Le site d’information et d’investigation Inquisiteur.net est de nouveau accessible aux Guinéens après douze jours de blocage, grâce à un site miroir créé par Reporters sans frontières (RSF). L’organisation dénonce une censure des médias dans le pays.
À partir du 1er septembre, il était devenu impossible pour les Guinéens de se connecter au site d’information et d’investigation indépendant Inquisiteur.net. De nouveau accessible dans la matinée du 5 septembre, le site a été suspendu trente minutes après la mise en ligne de trois articles, dont l’un posait la question du respect des engagements de la junte militaire après deux ans de gouvernance. Quarante-huit heures plus tard, on pouvait y accéder seulement avec un VPN.
Depuis le 12 septembre, le site est de nouveau opérationnel via un site miroir créé par RSF. Le même dispositif a été utilisé le 30 août pour rendre accessible le site Guinée Matin, également bloqué sans raison apparente.
La suspension de médias d’information sans explication ni communication préalable est extrêmement préoccupante pour la presse en Guinée. C’est la deuxième fois en moins de deux semaines que notre organisation débloque un site en créant une copie miroir. Si les autorités guinéennes nient toute implication dans ces actes de censure, elles ont la responsabilité de tout mettre en œuvre pour identifier les responsabilités et de s’assurer que le droit à l’information est respecté dans le pays.
Contacté par RSF, le porte-parole du gouvernement et ministre des Postes, des Télécommunications et de l’Économie numérique, Ousmane Gaoual Diallo, a décliné toute responsabilité de l’État dans le blocage des deux sites. “Au contraire, si les autorités sont saisies, nous ferons des investigations.
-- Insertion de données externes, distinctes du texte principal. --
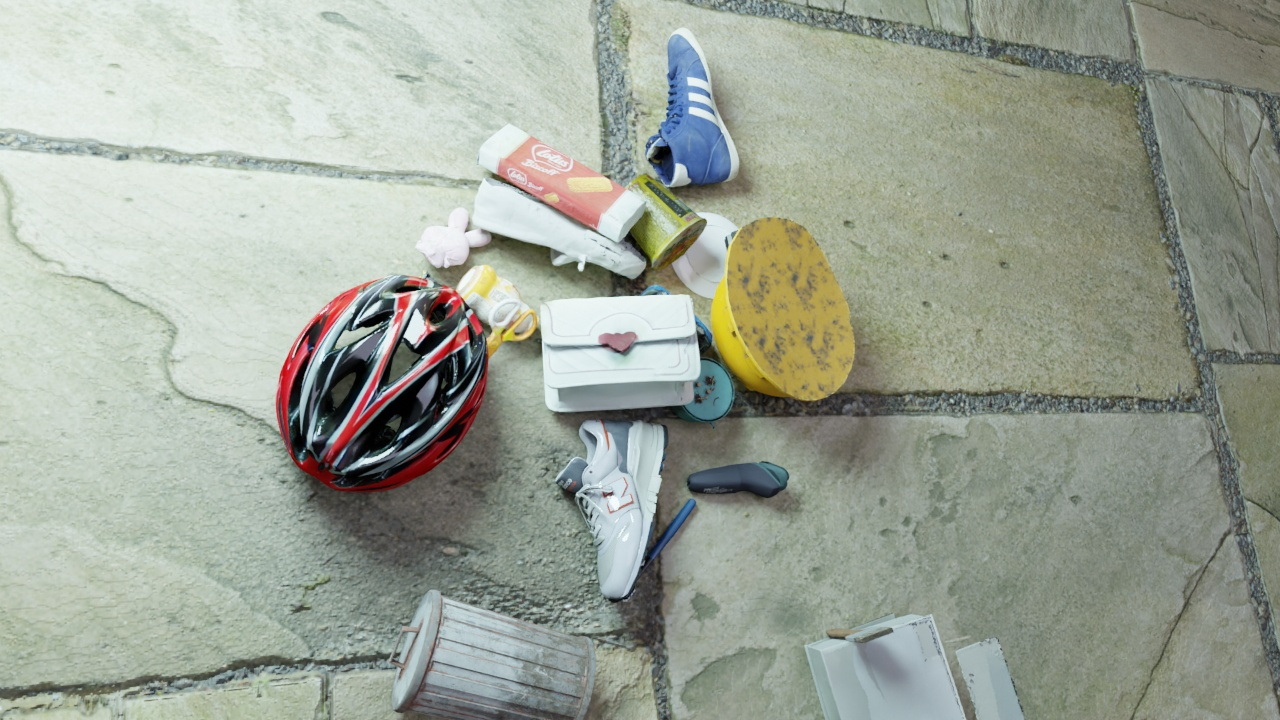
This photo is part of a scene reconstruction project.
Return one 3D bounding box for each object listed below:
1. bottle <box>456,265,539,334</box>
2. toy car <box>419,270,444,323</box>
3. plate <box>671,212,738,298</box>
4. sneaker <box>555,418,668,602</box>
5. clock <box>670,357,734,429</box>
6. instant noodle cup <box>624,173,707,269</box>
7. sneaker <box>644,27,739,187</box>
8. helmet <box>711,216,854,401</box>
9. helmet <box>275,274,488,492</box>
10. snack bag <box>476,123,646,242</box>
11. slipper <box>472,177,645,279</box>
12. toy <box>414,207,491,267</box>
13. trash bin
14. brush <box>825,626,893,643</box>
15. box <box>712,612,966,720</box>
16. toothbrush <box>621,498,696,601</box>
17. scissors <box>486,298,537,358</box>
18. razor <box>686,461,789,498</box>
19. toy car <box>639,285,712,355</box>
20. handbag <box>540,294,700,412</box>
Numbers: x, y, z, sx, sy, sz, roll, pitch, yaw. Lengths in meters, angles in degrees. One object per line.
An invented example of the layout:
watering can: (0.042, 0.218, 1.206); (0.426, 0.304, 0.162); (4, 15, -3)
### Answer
bottle: (-0.180, -0.072, 1.173); (0.108, 0.063, 0.063); (38, 64, -25)
toy car: (-0.254, -0.056, 1.146); (0.047, 0.047, 0.112); (-31, 92, -11)
plate: (0.106, -0.155, 1.339); (0.134, 0.011, 0.134); (6, 73, -20)
sneaker: (-0.048, 0.173, 1.152); (0.124, 0.089, 0.239); (21, 60, -11)
clock: (0.068, 0.035, 1.244); (0.124, 0.053, 0.089); (38, 63, -13)
instant noodle cup: (0.021, -0.197, 1.274); (0.102, 0.102, 0.108); (-36, 79, -26)
sneaker: (0.045, -0.358, 1.332); (0.118, 0.092, 0.233); (-21, 92, -23)
helmet: (0.173, -0.055, 1.270); (0.204, 0.132, 0.255); (-5, 77, -33)
helmet: (-0.285, 0.020, 1.043); (0.217, 0.167, 0.271); (37, 69, -12)
snack bag: (-0.104, -0.238, 1.218); (0.225, 0.041, 0.077); (31, 49, 6)
slipper: (-0.105, -0.164, 1.219); (0.246, 0.075, 0.112); (19, 33, -23)
toy: (-0.243, -0.152, 1.179); (0.063, 0.047, 0.109); (41, 47, 3)
trash bin: (-0.171, 0.344, 1.024); (0.211, 0.131, 0.130); (21, 69, -17)
brush: (0.275, 0.354, 1.193); (0.045, 0.143, 0.008); (-14, 80, -16)
box: (0.270, 0.475, 1.346); (0.171, 0.405, 0.168); (-12, 81, -24)
toothbrush: (0.024, 0.244, 1.192); (0.014, 0.014, 0.167); (27, 59, 24)
scissors: (-0.188, -0.025, 1.149); (0.130, 0.013, 0.070); (-44, 129, 2)
razor: (0.131, 0.163, 1.246); (0.142, 0.047, 0.052); (-2, 52, -20)
toy car: (0.046, -0.055, 1.266); (0.120, 0.056, 0.043); (41, 35, -12)
handbag: (-0.027, -0.018, 1.171); (0.198, 0.096, 0.141); (-4, 65, -4)

Je ne vois pas pourquoi nous bloquerions ces sites.” Interrogé à ce sujet sur Espace TV mardi 12 septembre, celui qui était considéré comme un « ennemi de la presse guinéenne« , après la série de violations de la liberté de la presse survenue dans le pays en mai 2023, a affirmé : “Quand le gouvernement décide de bloquer un site, on ne peut même pas y accéder par VPN. Si on peut passer par des méthodes de contournement, c’est qu’on ne vous a pas bloqués.” Il a également indiqué s’être “réconcilié avec la presse”.
Selon l’administrateur général du site Inquisiteur.net, Mamoudou Babila Keita, également animateur à la radio Espace FM, le blocage provient des autorités guinéennes. “Bien qu’aucune notification officielle n’ait été faite sur les raisons de cette restriction, nous avons été préalablement avertis de cette fermeture sous forme de menaces. Il nous est reproché d’être un média critique vis-à-vis du pouvoir en place, notamment à travers nos enquêtes. »
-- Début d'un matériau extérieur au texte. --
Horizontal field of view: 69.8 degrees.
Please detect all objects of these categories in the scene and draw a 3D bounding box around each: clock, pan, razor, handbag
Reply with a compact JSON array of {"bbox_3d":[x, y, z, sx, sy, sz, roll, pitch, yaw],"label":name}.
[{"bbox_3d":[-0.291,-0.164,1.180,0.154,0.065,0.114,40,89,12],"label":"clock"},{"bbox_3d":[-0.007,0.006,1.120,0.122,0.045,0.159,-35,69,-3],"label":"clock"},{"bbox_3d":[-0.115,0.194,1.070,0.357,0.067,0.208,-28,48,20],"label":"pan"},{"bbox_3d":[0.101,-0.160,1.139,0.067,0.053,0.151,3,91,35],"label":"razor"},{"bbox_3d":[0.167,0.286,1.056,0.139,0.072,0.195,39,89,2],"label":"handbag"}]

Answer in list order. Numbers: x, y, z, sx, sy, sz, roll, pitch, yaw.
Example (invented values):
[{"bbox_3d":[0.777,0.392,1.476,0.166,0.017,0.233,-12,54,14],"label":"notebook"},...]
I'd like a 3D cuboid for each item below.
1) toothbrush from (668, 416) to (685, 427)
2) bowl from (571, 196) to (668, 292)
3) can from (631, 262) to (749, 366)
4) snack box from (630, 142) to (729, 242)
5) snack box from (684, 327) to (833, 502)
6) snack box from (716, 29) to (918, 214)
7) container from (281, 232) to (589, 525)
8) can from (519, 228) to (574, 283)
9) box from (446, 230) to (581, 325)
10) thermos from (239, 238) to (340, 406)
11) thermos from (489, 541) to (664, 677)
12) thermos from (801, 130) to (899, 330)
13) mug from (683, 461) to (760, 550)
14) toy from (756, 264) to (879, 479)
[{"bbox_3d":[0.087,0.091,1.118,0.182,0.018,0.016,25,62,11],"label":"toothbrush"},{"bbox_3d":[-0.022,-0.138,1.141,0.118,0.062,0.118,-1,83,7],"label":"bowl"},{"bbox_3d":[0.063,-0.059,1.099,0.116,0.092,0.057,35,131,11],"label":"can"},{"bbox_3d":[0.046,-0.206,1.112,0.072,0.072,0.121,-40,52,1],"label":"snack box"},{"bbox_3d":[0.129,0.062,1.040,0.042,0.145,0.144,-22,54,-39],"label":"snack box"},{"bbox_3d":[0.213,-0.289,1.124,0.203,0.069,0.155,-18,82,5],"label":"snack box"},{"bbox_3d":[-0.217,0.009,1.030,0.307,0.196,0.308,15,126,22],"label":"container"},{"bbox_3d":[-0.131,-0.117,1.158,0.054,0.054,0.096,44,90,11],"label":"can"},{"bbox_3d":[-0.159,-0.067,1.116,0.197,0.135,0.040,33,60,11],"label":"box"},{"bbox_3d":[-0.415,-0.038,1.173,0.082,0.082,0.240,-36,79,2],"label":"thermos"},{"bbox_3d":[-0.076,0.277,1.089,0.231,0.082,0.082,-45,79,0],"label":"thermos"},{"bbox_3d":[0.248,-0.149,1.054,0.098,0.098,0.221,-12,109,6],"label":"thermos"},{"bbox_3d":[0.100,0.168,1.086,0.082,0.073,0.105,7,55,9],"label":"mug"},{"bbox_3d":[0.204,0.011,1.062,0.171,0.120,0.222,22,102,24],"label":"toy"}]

En juillet dernier, après la publication d’un article intitulé « Les mensonges d’État du CNRD [Comité national du rassemblement pour le développement, nom de la junte au pouvoir] sur les performances économiques de la Guinée », le directeur de la communication et de l’information de la junte, Moussa Moïse Sylla, également ancien associé du site Inquisiteur.net, a demandé à Mamoudou Babila Keita, par l’intermédiaire de ses collègues, le retrait de l’article, qui aurait “irrité le président de la transition”. À la suite du refus de Mamoudou Babila Keita, Moussa Moïse Sylla a demandé à le rencontrer. Au cours de l’entrevue, l’homme politique a déclaré, selon l’administrateur du média, que le pouvoir avait “les moyens de fermer le site”. Pour le journaliste, cela ne fait aucun doute : “Cette menace a été mise à exécution.”
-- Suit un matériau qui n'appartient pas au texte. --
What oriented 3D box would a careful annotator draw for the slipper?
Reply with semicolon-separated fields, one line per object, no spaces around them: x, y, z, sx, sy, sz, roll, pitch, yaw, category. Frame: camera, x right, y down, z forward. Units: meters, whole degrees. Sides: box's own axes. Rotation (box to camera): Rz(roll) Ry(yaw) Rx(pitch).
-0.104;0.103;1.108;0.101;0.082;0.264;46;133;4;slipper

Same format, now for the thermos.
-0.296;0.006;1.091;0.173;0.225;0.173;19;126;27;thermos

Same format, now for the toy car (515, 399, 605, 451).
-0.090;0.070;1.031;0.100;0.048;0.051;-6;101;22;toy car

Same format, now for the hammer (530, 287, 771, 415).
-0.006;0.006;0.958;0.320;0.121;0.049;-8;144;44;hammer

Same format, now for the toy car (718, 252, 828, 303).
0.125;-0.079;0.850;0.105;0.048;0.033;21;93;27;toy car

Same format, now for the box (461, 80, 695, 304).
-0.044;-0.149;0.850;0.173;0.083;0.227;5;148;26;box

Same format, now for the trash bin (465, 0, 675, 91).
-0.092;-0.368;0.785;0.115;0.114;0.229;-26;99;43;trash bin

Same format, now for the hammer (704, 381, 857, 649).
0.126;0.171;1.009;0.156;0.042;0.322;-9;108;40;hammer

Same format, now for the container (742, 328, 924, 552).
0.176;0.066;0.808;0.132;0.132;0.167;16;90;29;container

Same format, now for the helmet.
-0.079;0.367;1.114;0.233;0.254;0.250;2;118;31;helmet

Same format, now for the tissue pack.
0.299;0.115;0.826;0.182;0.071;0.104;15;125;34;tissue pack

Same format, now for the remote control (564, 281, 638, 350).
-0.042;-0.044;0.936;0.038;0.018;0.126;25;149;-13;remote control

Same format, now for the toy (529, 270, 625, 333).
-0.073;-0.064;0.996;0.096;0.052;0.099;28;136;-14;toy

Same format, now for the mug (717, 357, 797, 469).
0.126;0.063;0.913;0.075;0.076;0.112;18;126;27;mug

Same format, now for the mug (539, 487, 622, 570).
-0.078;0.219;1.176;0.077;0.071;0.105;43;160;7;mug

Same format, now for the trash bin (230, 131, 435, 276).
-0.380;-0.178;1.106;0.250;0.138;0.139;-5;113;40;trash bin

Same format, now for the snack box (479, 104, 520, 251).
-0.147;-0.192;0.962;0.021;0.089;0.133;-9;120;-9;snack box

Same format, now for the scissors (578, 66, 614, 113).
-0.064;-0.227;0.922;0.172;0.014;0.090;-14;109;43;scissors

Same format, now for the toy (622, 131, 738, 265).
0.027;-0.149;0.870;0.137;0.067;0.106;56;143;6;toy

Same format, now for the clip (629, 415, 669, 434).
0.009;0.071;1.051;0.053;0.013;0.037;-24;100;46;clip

Inquisiteur.net est le deuxième site d’information bloqué sans aucune explication ces dernières semaines en Guinée. Le 30 août, RSF a débloqué l’accès de Guinée Matin, interrompu depuis mi-août, en créant une copie miroir. Ces déblocages s’inscrivent dans le cadre de l’opération Collateral Freedom. Lancée par l’organisation en 2015, elle permet de contourner la censure sur Internet grâce à un dispositif fondé sur la technique du « miroir », consistant à dupliquer les sites censurés et à en héberger des copies sur des serveurs internationaux appartenant à des « géants » du web.
Au mois de mai, RSF dénonçait la multiplication des coupures des réseaux sociaux, des restrictions de l’accès aux médias en ligne, des brouillages radio, voire des confiscations d’équipements et des intimidations de journalistes par le pouvoir en place, à un moment où le pays connaissait un important mouvement de contestation politique. Ces entraves à la liberté de la presse étaient inédites depuis l’arrivée au pouvoir de la junte militaire.